Describe the problem's symptoms, not your guesses

It's not useful to tell folks what you think is causing your problem. (If your diagnostic theories were such hot stuff, would you be consulting others for help?) So, make sure you're telling them the raw symptoms of what goes wrong, rather than your interpretations and theories. Let them do the interpretation and diagnosis. If you feel it's important to state your guess, clearly label it as such and describe why that answer isn't working for you.

Describe your problem's symptoms in chronological order

The clues most useful in figuring out something that went wrong often lie in the events immediately prior. So, your account should describe precisely what you did leading up to the blowup. If your account ends up being long (more than about four paragraphs), it might be useful to succinctly state the problem up top, then follow with the chronological tale. That way, slingers will know what to watch for in reading your account.

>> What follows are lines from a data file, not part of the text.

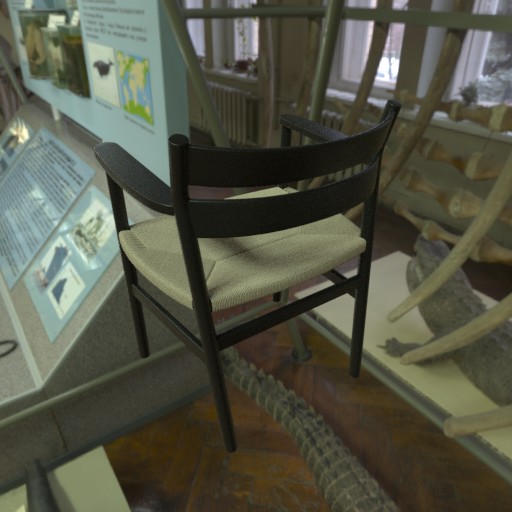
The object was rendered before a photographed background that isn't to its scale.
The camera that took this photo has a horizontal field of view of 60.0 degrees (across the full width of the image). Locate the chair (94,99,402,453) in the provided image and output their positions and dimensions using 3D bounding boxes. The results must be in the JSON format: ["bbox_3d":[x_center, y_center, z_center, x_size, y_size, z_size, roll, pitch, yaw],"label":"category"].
[{"bbox_3d":[0.000,0.000,1.164,0.630,0.775,0.508,-19,35,-30],"label":"chair"}]
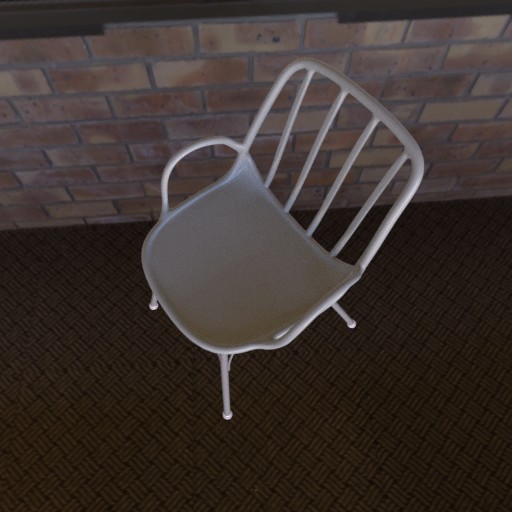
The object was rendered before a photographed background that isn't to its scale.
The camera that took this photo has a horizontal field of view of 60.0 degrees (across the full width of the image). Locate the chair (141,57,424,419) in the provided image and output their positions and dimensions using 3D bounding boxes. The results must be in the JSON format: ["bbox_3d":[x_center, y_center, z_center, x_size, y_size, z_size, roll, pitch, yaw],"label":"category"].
[{"bbox_3d":[0.000,0.000,1.213,0.597,0.816,0.549,-33,67,-16],"label":"chair"}]
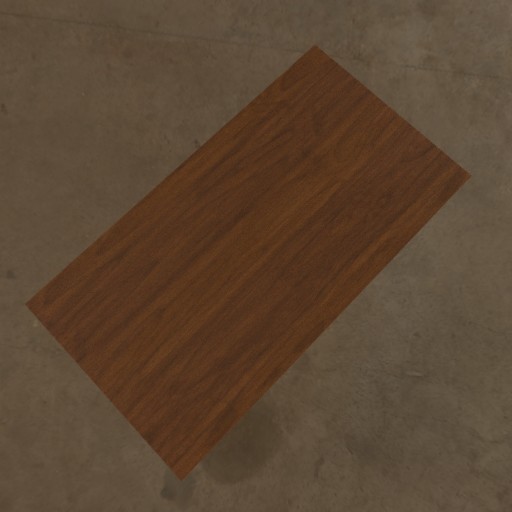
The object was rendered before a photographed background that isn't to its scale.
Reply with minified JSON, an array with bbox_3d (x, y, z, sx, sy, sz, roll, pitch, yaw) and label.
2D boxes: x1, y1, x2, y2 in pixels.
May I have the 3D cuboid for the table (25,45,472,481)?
[{"bbox_3d":[0.000,0.000,1.345,0.574,0.414,1.057,44,81,9],"label":"table"}]
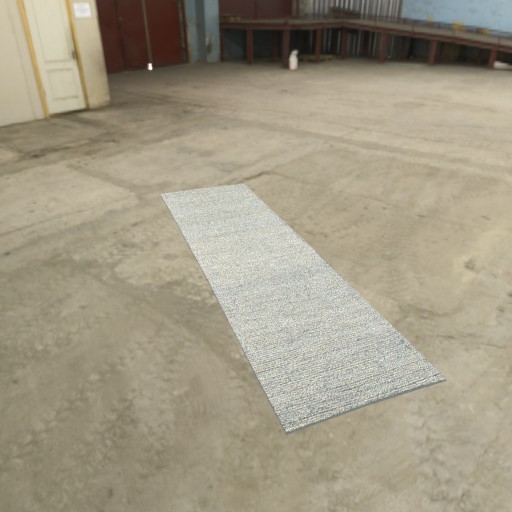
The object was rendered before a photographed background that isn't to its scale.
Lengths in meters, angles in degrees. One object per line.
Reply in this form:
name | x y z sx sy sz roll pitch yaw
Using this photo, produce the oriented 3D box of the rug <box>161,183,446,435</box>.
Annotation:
rug | 0.000 0.000 2.531 0.675 0.037 2.341 -10 31 -18

Describe the goal, not the step.

If you are trying to find out how to do something, begin by describing the goal. Only then describe the particular step towards it that you are blocked on.

Often, people who need technical help have a high-level goal in mind and get stuck on what they think is one particular path towards the goal. They come for help with the step, but don't realize that the path is wrong. It can take substantial effort to get past this.

Don't ask people to reply by private e-mail

Most folks believe solving problems should be a public, transparent process during which a first try at an answer can and should be corrected if someone more knowledgeable notices that it is incomplete or incorrect. Also, helpers get some of their reward for being respondents from being seen to be competent and knowledgeable by their peers. When you ask for a private reply, you are disrupting both the process and the reward. Don't do this. It's the respondent's choice whether to reply privately, and if he does, it's usually because he thinks the question is too ill-formed or obvious to be interesting to others.

Be explicit about your question

Open-ended questions tend to be perceived as open-ended time sinks. Those people most likely to be able to give you a useful answer are also the busiest people (if only because they take on the most work themselves). People like that are allergic to open-ended time sinks, thus they tend to be allergic to open-ended questions. You are more likely to get a useful response if you are explicit about what you want respondents to do. This will focus their effort and implicitly, and put an upper bound on the time and energy a respondent must allocate to helping you. This is good.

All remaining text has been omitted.